## ASSIGNED TASK
Among the records below, how many lines contain "extrusion"? State the number and nothing more.

Stored data
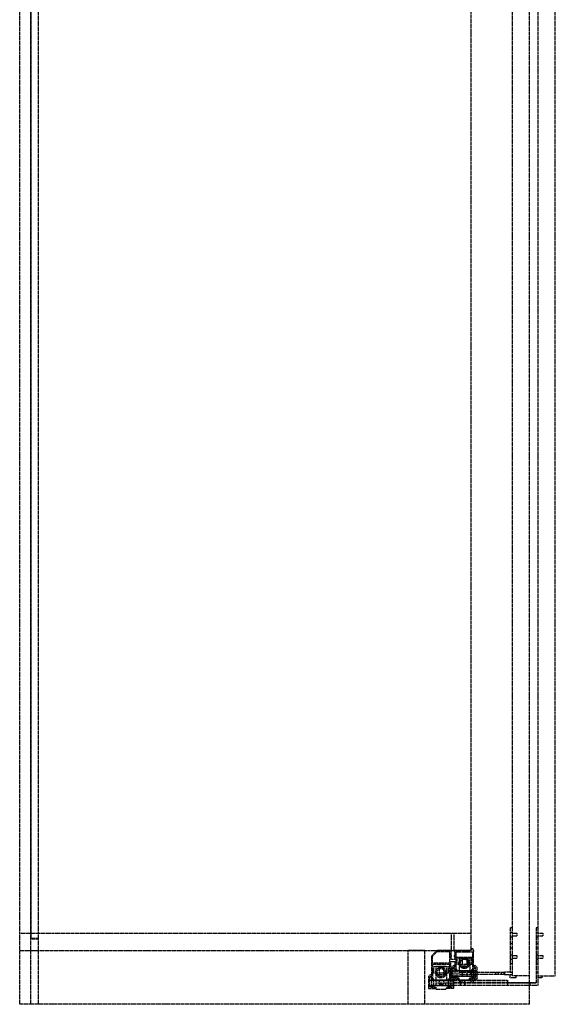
# Model space of a CAD drawing. Header units: millimetres. Extents: x -599 to 0, y 0 to 2202.
# Tile 1 of 2: x -599 to 0, y 0 to 1101. Entities that reach past the tile are written whole.
import ezdxf

# ---------------------------------------------------------------- set-up
doc = ezdxf.new("R2010")
doc.units = ezdxf.units.MM
doc.header["$LTSCALE"] = 10
doc.linetypes.add('ALLCAD_Strich', pattern=[0.2, 0.15, -0.05])
doc.layers.add('BESCH_KONT_sich_schn_seit_2d', color=160, linetype='Continuous')

msp = doc.modelspace()

# ---------------------------------------------------------------- linework, layer by layer
at = {"layer": 'BESCH_KONT_sich_schn_seit_2d', "linetype": 'ALLCAD_Strich', "extrusion": (-1.09476e-47, 1, -2.22045e-16)}
for p, q in [((-599, 0), (-599, 2100)), ((-586.4, 0), (-586.4, 2100)), ((-578, 0), (-578, 2100)), ((-29, 0), (-29, 2100)), ((-586, 73.5), (-586, 2086.5)), ((-48, 32), (-48, 2080)), ((-19, 32), (-19, 2080)), ((0, 32), (0, 2080)), ((-94, 79), (-94, 2040)), ((-586.4, 79), (-599, 79)), ((-578, 79), (-586.4, 79)), ((-94, 79), (-578, 79)), ((-116, 60), (-116, 79)), ((-113, 60), (-113, 79)), ((-94, 60), (-94, 79)), ((-50.5, 85.5), (-50.5, 36)), ((-48, 85.5), (-50.5, 85.5)), ((-50.5, 80.5), (-48, 80.5)), ((-48, 79.5), (-43, 79.5)), ((-43, 79.5), (-43, 76.5)), ((-21.5, 85.5), (-21.5, 24)), ((-19, 85.5), (-21.5, 85.5)), ((-21.5, 80.5), (-19, 80.5)), ((-19, 79.5), (-14, 79.5)), ((-14, 79.5), (-14, 76.5)), ((-578, 73), (-586.4, 73)), ((-578, 73.5), (-586, 73.5)), ((-50.5, 75.5), (-48, 75.5)), ((-50.5, 68), (-48, 68)), ((-48, 76.5), (-43, 76.5)), ((-21.5, 75.5), (-19, 75.5)), ((-21.5, 68), (-19, 68)), ((-19, 76.5), (-14, 76.5)), ((-599, 60), (-94, 60)), ((-146, 60), (-165, 60)), ((-165, 60), (-165, 0)), ((-146, 0), (-146, 60)), ((-132.5, 60), (-138.5, 54)), ((-137.5, 53.6), (-132.1, 59)), ((-116, 60), (-132.5, 60)), ((-132.1, 59), (-118.5, 59)), ((-118.5, 59), (-118.5, 46)), ((-116.5, 59), (-116, 59)), ((-116.5, 54.5), (-116.5, 59)), ((-116, 59), (-116, 60)), ((-113, 60), (-113, 59)), ((-94, 60), (-113, 60)), ((-113, 59), (-112.5, 59)), ((-112.5, 59), (-112.5, 54.5)), ((-111, 58.5), (-92.5, 58.5)), ((-111, 39.5), (-111, 58.5)), ((-94, 62), (-94, 60)), ((-92, 62), (-94, 62)), ((-92.5, 58.5), (-92.5, 39.5)), ((-92, 60), (-92, 62)), ((-91, 60), (-92, 60)), ((-91.5, 59), (-91, 59)), ((-91.5, 41.5), (-91.5, 59)), ((-91, 59), (-91, 60)), ((-50.5, 63), (-48, 63)), ((-50.5, 55.5), (-48, 55.5)), ((-21.5, 63), (-19, 63)), ((-21.5, 55.5), (-19, 55.5)), ((-138.5, 54), (-138.5, 31)), ((-137.5, 46), (-137.5, 53.6)), ((-118.5, 46), (-137.5, 46)), ((-137, 45), (-118.5, 45)), ((-137, 29), (-137, 45)), ((-118.5, 45), (-118.5, 29)), ((-117, 48), (-112.5, 48)), ((-117, 31), (-117, 48)), ((-116, 54.5), (-116.5, 54.5)), ((-116.5, 50), (-116.5, 53.5)), ((-116.5, 53.5), (-116, 53.5)), ((-116.5, 50), (-116.5, 50)), ((-116.5, 50), (-116.5, 50)), ((-112.5, 50), (-116.5, 50)), ((-116.5, 50), (-116.5, 50)), ((-116.5, 50), (-116.5, 50)), ((-116.5, 50), (-116.5, 50)), ((-116.5, 50), (-116.5, 50)), ((-116.5, 50), (-116.5, 50)), ((-116.5, 50), (-116.5, 50)), ((-116.5, 50), (-116.5, 50)), ((-116.5, 50), (-116.5, 50)), ((-116.5, 50), (-116.5, 50)), ((-116.5, 50), (-116.5, 50)), ((-116.5, 50), (-116.5, 50)), ((-116.5, 50), (-116.5, 50)), ((-116.5, 50), (-116.5, 50)), ((-116.5, 50), (-116.5, 50)), ((-116.5, 50), (-116.5, 50)), ((-116.5, 50), (-116.5, 50)), ((-116.5, 50), (-116.5, 50)), ((-116, 53.5), (-116, 54.5)), ((-113, 54.5), (-113, 53.5)), ((-112.5, 54.5), (-113, 54.5)), ((-113, 53.5), (-112.5, 53.5)), ((-112.5, 53.5), (-112.5, 50)), ((-112.5, 48), (-112.5, 41.5)), ((-92.5, 52.5), (-111, 52.5)), ((-93.3, 51.5), (-109.7, 51.5)), ((-109.7, 44.5), (-109.7, 51.5)), ((-93.3, 44.5), (-109.7, 44.5)), ((-107.5, 52), (-107.5, 36)), ((-107.5, 52), (-95.5, 52)), ((-104, 51.5), (-104, 43)), ((-99, 51.5), (-99, 43)), ((-95.5, 52), (-95.5, 36)), ((-93.3, 44.5), (-93.3, 51.5)), ((-50.5, 50.5), (-48, 50.5)), ((-50.5, 45.5), (-48, 45.5)), ((-48, 54.5), (-43, 54.5)), ((-48, 51.5), (-43, 51.5)), ((-43, 54.5), (-43, 51.5)), ((-21.5, 50.5), (-19, 50.5)), ((-21.5, 45.5), (-19, 45.5)), ((-19, 54.5), (-14, 54.5)), ((-19, 51.5), (-14, 51.5)), ((-14, 54.5), (-14, 51.5)), ((-139.6, 33.1), (-141.8, 31)), ((-138.5, 32.1), (-139.6, 33.1)), ((-118.5, 42), (-137, 42)), ((-135.8, 35), (-135.8, 42)), ((-119.3, 35), (-135.8, 35)), ((-133.5, 42.5), (-133.5, 26.5)), ((-133.5, 42.5), (-121.5, 42.5)), ((-133.5, 33.5), (-121.5, 33.5)), ((-130, 42), (-130, 33.5)), ((-125, 42), (-125, 33.5)), ((-121.5, 42.5), (-121.5, 26.5)), ((-119.3, 35), (-119.3, 42)), ((-115.9, 33.1), (-117, 32.1)), ((-115.9, 33.1), (-113.8, 31)), ((-113.6, 43.6), (-115.8, 41.5)), ((-115.8, 41.5), (-115.8, 28)), ((-115.8, 37.5), (-114.3, 37.5)), ((-115.8, 37.5), (-93.3, 37.5)), ((-114.3, 40.9), (-112.5, 42.6)), ((-114.3, 29.5), (-114.3, 40.9)), ((-112.5, 42.6), (-113.6, 43.6)), ((-113.5, 41.5), (-113.5, 39.5)), ((-112.5, 41.5), (-113.5, 41.5)), ((-113.5, 39.5), (-111, 39.5)), ((-112.3, 39.5), (-112.3, 29.5)), ((-110.3, 39), (-112.3, 39)), ((-93.3, 37.5), (-112.3, 37.5)), ((-110.3, 39), (-112.3, 39)), ((-111, 39.5), (-111, 39.5)), ((-111, 39.5), (-111, 39.5)), ((-111, 39.5), (-111, 39.5)), ((-111, 39.5), (-111, 39.5)), ((-111, 39.5), (-111, 39.5)), ((-111, 39.5), (-111, 39.5)), ((-111, 39.5), (-111, 39.5)), ((-111, 39.5), (-111, 39.5)), ((-111, 39.5), (-111, 39.5)), ((-111, 39.5), (-111, 39.5)), ((-111, 39.5), (-111, 39.5)), ((-111, 39.5), (-111, 39.5)), ((-111, 39.5), (-111, 39.5)), ((-111, 39.5), (-111, 39.5)), ((-111, 39.5), (-111, 39.5)), ((-111, 39.5), (-111, 39.5)), ((-111, 39.5), (-111, 39.5)), ((-110.3, 39), (-110.3, 34.5)), ((-110.3, 34.5), (-110.3, 30)), ((-110.3, 39), (-110.3, 34.5)), ((-110.3, 34.5), (-110.3, 30)), ((-107.5, 43), (-95.5, 43)), ((-107.5, 36), (-95.5, 36)), ((-107.5, 36), (-95, 36)), ((-107.5, 33.5), (-107.5, 36)), ((-95, 33.5), (-107.5, 33.5)), ((-104, 36), (-104, 32)), ((-104, 36), (-104, 33.5)), ((-99, 36), (-99, 32)), ((-99, 36), (-99, 33.5)), ((-95.5, 43), (-95.5, 43)), ((-95.5, 43), (-95.5, 43)), ((-95.5, 43), (-95.5, 43)), ((-95.5, 43), (-95.5, 43)), ((-95.5, 43), (-95.5, 43)), ((-95.5, 43), (-95.5, 43)), ((-95.5, 43), (-95.5, 43)), ((-95.5, 43), (-95.5, 43)), ((-95.5, 43), (-95.5, 43)), ((-95.5, 43), (-95.5, 43)), ((-95.5, 43), (-95.5, 43)), ((-95.5, 43), (-95.5, 43)), ((-95.5, 43), (-95.5, 43)), ((-95.5, 43), (-95.5, 43)), ((-95.5, 43), (-95.5, 43)), ((-95.5, 43), (-95.5, 43)), ((-95.5, 43), (-95.5, 43)), ((-95.5, 43), (-95.5, 43)), ((-95.5, 43), (-95.5, 43)), ((-95.5, 43), (-95.5, 43)), ((-95.5, 43), (-95.5, 43)), ((-95.5, 43), (-95.5, 43)), ((-95.5, 43), (-95.5, 43)), ((-95, 36), (-57, 36)), ((-95, 36), (-95, 33.5)), ((-57, 33.5), (-95, 33.5)), ((-93.3, 30), (-93.3, 39)), ((-93.3, 39), (-91.3, 39)), ((-93.3, 30), (-93.3, 39)), ((-93.3, 39), (-91.3, 39)), ((-93.3, 37.5), (-91.3, 37.5)), ((-87.8, 37.5), (-93.3, 37.5)), ((-92.5, 39.5), (-90.5, 39.5)), ((-92.5, 39.5), (-92.5, 39.5)), ((-92.5, 39.5), (-92.5, 39.5)), ((-92.5, 39.5), (-92.5, 39.5)), ((-92.5, 39.5), (-92.5, 39.5)), ((-92.5, 39.5), (-92.5, 39.5)), ((-92.5, 39.5), (-92.5, 39.5)), ((-92.5, 39.5), (-92.5, 39.5)), ((-92.5, 39.5), (-92.5, 39.5)), ((-92.5, 39.5), (-92.5, 39.5)), ((-92.5, 39.5), (-92.5, 39.5)), ((-92.5, 39.5), (-92.5, 39.5)), ((-92.5, 39.5), (-92.5, 39.5)), ((-92.5, 39.5), (-92.5, 39.5)), ((-92.5, 39.5), (-92.5, 39.5)), ((-92.5, 39.5), (-92.5, 39.5)), ((-92.5, 39.5), (-92.5, 39.5)), ((-92.5, 39.5), (-92.5, 39.5)), ((-90.5, 41.5), (-91.5, 41.5)), ((-91.3, 29.5), (-91.3, 39.5)), ((-89.9, 43.6), (-91, 42.6)), ((-89.3, 40.9), (-91, 42.6)), ((-90.5, 39.5), (-90.5, 41.5)), ((-89.9, 43.6), (-87.8, 41.5)), ((-89.3, 29.5), (-89.3, 40.9)), ((-87.8, 37.5), (-89.3, 37.5)), ((-87.8, 41.5), (-87.8, 28)), ((-67, 36), (-67, 33.5)), ((-64, 36), (-64, 33.5)), ((-60.5, 36), (-60.5, 33.5)), ((-57.5, 36), (-57.5, 33.5)), ((-50.5, 36), (-57, 36)), ((-57, 36), (-57, 33.5)), ((-57, 33.5), (-48, 33.5)), ((-50.5, 36), (-48, 36)), ((-50.5, 29.5), (-50.5, 33.5)), ((-21.5, 36), (-19, 36)), ((-141.8, 31), (-141.8, 17.5)), ((-141.8, 27), (-140.3, 27)), ((-141.8, 27), (-119.3, 27)), ((-140.3, 30.4), (-138.5, 32.1)), ((-140.3, 19), (-140.3, 30.4)), ((-139, 31), (-139, 29)), ((-138.5, 31), (-139, 31)), ((-139, 29), (-137, 29)), ((-138.3, 29), (-138.3, 19)), ((-136.3, 28.5), (-138.3, 28.5)), ((-119.3, 27), (-138.3, 27)), ((-136.3, 28.5), (-138.3, 28.5)), ((-137, 29), (-137, 29)), ((-137, 29), (-137, 29)), ((-137, 29), (-137, 29)), ((-137, 29), (-137, 29)), ((-137, 29), (-137, 29)), ((-137, 29), (-137, 29)), ((-137, 29), (-137, 29)), ((-137, 29), (-137, 29)), ((-137, 29), (-137, 29)), ((-137, 29), (-137, 29)), ((-137, 29), (-137, 29)), ((-137, 29), (-137, 29)), ((-137, 29), (-137, 29)), ((-137, 29), (-137, 29)), ((-137, 29), (-137, 29)), ((-137, 29), (-137, 29)), ((-137, 29), (-137, 29)), ((-136.3, 28.5), (-136.3, 24)), ((-136.3, 24), (-136.3, 19.5)), ((-136.3, 28.5), (-136.3, 24)), ((-136.3, 24), (-136.3, 19.5)), ((-133.5, 26.5), (-53.5, 26.5)), ((-133.5, 26.5), (-133.5, 21.5)), ((-133.5, 24), (-53.5, 24)), ((-130, 26.5), (-130, 24)), ((-130, 26.5), (-130, 22.5)), ((-130, 22.5), (-125, 22.5)), ((-125, 26.5), (-125, 24)), ((-125, 26.5), (-125, 22.5)), ((-122.5, 21.5), (-122.5, 24)), ((-119.3, 19.5), (-119.3, 28.5)), ((-119.3, 28.5), (-117.3, 28.5)), ((-119.3, 19.5), (-119.3, 28.5)), ((-119.3, 28.5), (-117.3, 28.5)), ((-119.3, 27), (-117.3, 27)), ((-113.8, 27), (-119.3, 27)), ((-118.5, 29), (-116.5, 29)), ((-118.5, 29), (-118.5, 29)), ((-118.5, 29), (-118.5, 29)), ((-118.5, 29), (-118.5, 29)), ((-118.5, 29), (-118.5, 29)), ((-118.5, 29), (-118.5, 29)), ((-118.5, 29), (-118.5, 29)), ((-118.5, 29), (-118.5, 29)), ((-118.5, 29), (-118.5, 29)), ((-118.5, 29), (-118.5, 29)), ((-118.5, 29), (-118.5, 29)), ((-118.5, 29), (-118.5, 29)), ((-118.5, 29), (-118.5, 29)), ((-118.5, 29), (-118.5, 29)), ((-118.5, 29), (-118.5, 29)), ((-118.5, 29), (-118.5, 29)), ((-118.5, 29), (-118.5, 29)), ((-118.5, 29), (-118.5, 29)), ((-117.3, 19), (-117.3, 29)), ((-115.3, 30.4), (-117, 32.1)), ((-116.5, 31), (-117, 31)), ((-116.5, 29), (-116.5, 31)), ((-115.8, 31.5), (-114.3, 31.5)), ((-115.8, 31.5), (-93.3, 31.5)), ((-115.8, 28), (-107.8, 28)), ((-115.3, 19), (-115.3, 30.4)), ((-113.8, 27), (-115.3, 27)), ((-112.3, 29.5), (-114.3, 29.5)), ((-113.8, 31), (-113.8, 17.5)), ((-113.5, 27), (-53.5, 27)), ((-113.5, 26.5), (-113.5, 27)), ((-113.5, 24.5), (-53.5, 24.5)), ((-113.5, 24), (-113.5, 24.5)), ((-93.3, 31.5), (-112.3, 31.5)), ((-110.3, 30), (-112.3, 30)), ((-112.3, 29.5), (-107.8, 29.5)), ((-110.3, 30), (-112.3, 30)), ((-107.8, 29.5), (-107.8, 27.5)), ((-107.8, 27.5), (-95.8, 27.5)), ((-107.5, 26.5), (-107.5, 27.5)), ((-107.5, 24.5), (-29, 24.5)), ((-107.5, 24), (-107.5, 24.5)), ((-107, 26.5), (-107, 24)), ((-106, 21.5), (-106, 26.5)), ((-106, 24), (-106, 21.5)), ((-104.5, 26.5), (-104.5, 24)), ((-104, 32), (-99, 32)), ((-101, 21.5), (-101, 26.5)), ((-101, 24), (-101, 21.5)), ((-99.5, 26.5), (-99.5, 27.5)), ((-95.8, 29.5), (-91.3, 29.5)), ((-95.8, 27.5), (-95.8, 29.5)), ((-87.8, 28), (-95.8, 28)), ((-94.5, 26.5), (-94.5, 24)), ((-93.3, 31.5), (-91.3, 31.5)), ((-87.8, 31.5), (-93.3, 31.5)), ((-93.3, 30), (-91.3, 30)), ((-93.3, 30), (-91.3, 30)), ((-92, 26.5), (-92, 24)), ((-91.3, 29.5), (-89.3, 29.5)), ((-87.8, 31.5), (-89.3, 31.5)), ((-53.5, 27), (-53.5, 26.5)), ((-53.5, 26.5), (-53.5, 21.5)), ((-53.5, 24), (-53, 24)), ((-53, 24), (-29, 24)), ((-53, 21.5), (-53, 24)), ((-44, 29.5), (-50.5, 29.5)), ((-29, 32), (-48, 32)), ((-44, 32), (-44, 29.5)), ((-29, 24.5), (-21.5, 24.5)), ((-29, 24), (-28, 24)), ((-28, 24), (-21.5, 24)), ((-28, 21.5), (-28, 24)), ((-21.5, 24), (-21.5, 24)), ((-21.5, 24), (-21.5, 24)), ((-21.5, 24), (-21.5, 24)), ((-21.5, 24), (-21.5, 24)), ((-21.5, 24), (-21.5, 24)), ((-21.5, 24), (-21.5, 24)), ((-21.5, 24), (-21.5, 24)), ((-21.5, 24), (-21.5, 24)), ((-21.5, 24), (-21.5, 24)), ((-21.5, 24), (-21.5, 24)), ((-21.5, 24), (-21.5, 24)), ((-21.5, 24), (-21.5, 24)), ((-21.5, 24), (-21.5, 24)), ((-21.5, 24), (-21.5, 24)), ((-21.5, 24), (-21.5, 24)), ((-21.5, 24), (-21.5, 24)), ((-21.5, 24), (-21.5, 24)), ((-21.5, 24), (-21.5, 24)), ((-21.5, 24), (-21.5, 24)), ((-21.5, 24), (-21.5, 24)), ((-21.5, 24), (-21.5, 24)), ((-21.5, 24), (-21.5, 24)), ((-21.5, 24), (-21.5, 24)), ((-19, 21.5), (-19, 32)), ((-19, 32), (0, 32)), ((-15, 29.5), (-19, 29.5)), ((-15, 32), (-15, 29.5)), ((-141.8, 21), (-140.3, 21)), ((-141.8, 21), (-119.3, 21)), ((-141.8, 17.5), (-133.8, 17.5)), ((-138.3, 19), (-140.3, 19)), ((-119.3, 21), (-138.3, 21)), ((-136.3, 19.5), (-138.3, 19.5)), ((-138.3, 19), (-133.8, 19)), ((-136.3, 19.5), (-138.3, 19.5)), ((-133.8, 19), (-133.8, 17)), ((-133.8, 17), (-121.8, 17)), ((-133.5, 21.5), (-53.5, 21.5)), ((-121.8, 19), (-117.3, 19)), ((-121.8, 17), (-121.8, 19)), ((-113.8, 17.5), (-121.8, 17.5)), ((-119.3, 21), (-117.3, 21)), ((-113.8, 21), (-119.3, 21)), ((-119.3, 19.5), (-117.3, 19.5)), ((-119.3, 19.5), (-117.3, 19.5)), ((-117.3, 19), (-115.3, 19)), ((-113.8, 21), (-115.3, 21)), ((-53.5, 21.5), (-53, 21.5)), ((-53, 21.5), (-29, 21.5)), ((-29, 21.5), (-28, 21.5)), ((-28, 21.5), (-19, 21.5)), ((-29, 0), (-599, 0))]:
    msp.add_line(p, q, dxfattribs=at)
at = {"layer": 'BESCH_KONT_sich_schn_seit_2d', "linetype": 'ALLCAD_Strich'}
for centre, radius in [((-101.8, 46), 6), ((-101.8, 46), 4.5), ((-101.8, 46), 4.5), ((-127.8, 35.5), 6), ((-127.8, 35.5), 4.5), ((-127.8, 35.5), 4.5)]:
    msp.add_circle(centre, radius, dxfattribs=at)
at = {"layer": 'BESCH_KONT_sich_schn_seit_2d', "linetype": 'ALLCAD_Strich', "extrusion": (-2.22045e-16, -2.22045e-16, -1)}
for centre, radius, start, end in [((95.5, 43), 0.00093, 90, 180), ((95.5, 43), 0.00093, 180, 270), ((95.5, 43), 0.00116, 90, 180), ((95.5, 43), 0.00116, 180, 270), ((95.5, 43), 0.00271, 0, 90), ((95.5, 43), 0.00271, 270, 0), ((95.5, 43), 0.00116, 90, 180), ((95.5, 43), 0.00116, 180, 270), ((95.5, 43), 0.00271, 0, 90), ((95.5, 43), 0.00271, 270, 0), ((21.5, 24), 0.00116, 90, 180), ((21.5, 24), 0.00116, 180, 270), ((21.5, 24), 0.00271, 0, 90), ((21.5, 24), 0.00271, 270, 0), ((21.5, 24), 0.00116, 90, 180), ((21.5, 24), 0.00116, 180, 270), ((21.5, 24), 0.00271, 0, 90), ((21.5, 24), 0.00271, 270, 0), ((21.5, 24), 0.00093, 90, 180), ((21.5, 24), 0.00093, 180, 270)]:
    msp.add_arc(centre, radius, start, end, dxfattribs=at)
at = {"layer": 'BESCH_KONT_sich_schn_seit_2d', "linetype": 'ALLCAD_Strich'}
for centre, radius, start, end in [((-95.5, 43), 0.00217, 270, 360), ((-95.5, 43), 0.00217, 0, 90), ((-95.5, 43), 0.00271, 270, 0), ((-95.5, 43), 0.00271, 0, 90), ((-95.5, 43), 0.00116, 180, 270), ((-95.5, 43), 0.00116, 90, 180), ((-95.5, 43), 0.00271, 270, 0), ((-95.5, 43), 0.00271, 0, 90), ((-95.5, 43), 0.00116, 180, 270), ((-95.5, 43), 0.00116, 90, 180), ((-21.5, 24), 0.00271, 270, 0), ((-21.5, 24), 0.00271, 0, 90), ((-21.5, 24), 0.00116, 180, 270), ((-21.5, 24), 0.00116, 90, 180), ((-21.5, 24), 0.00271, 270, 0), ((-21.5, 24), 0.00271, 0, 90), ((-21.5, 24), 0.00116, 180, 270), ((-21.5, 24), 0.00116, 90, 180), ((-21.5, 24), 0.00217, 270, 360), ((-21.5, 24), 0.00217, 0, 90)]:
    msp.add_arc(centre, radius, start, end, dxfattribs=at)

doc.saveas('drawing.dxf')

## WRITTEN SOLUTION
2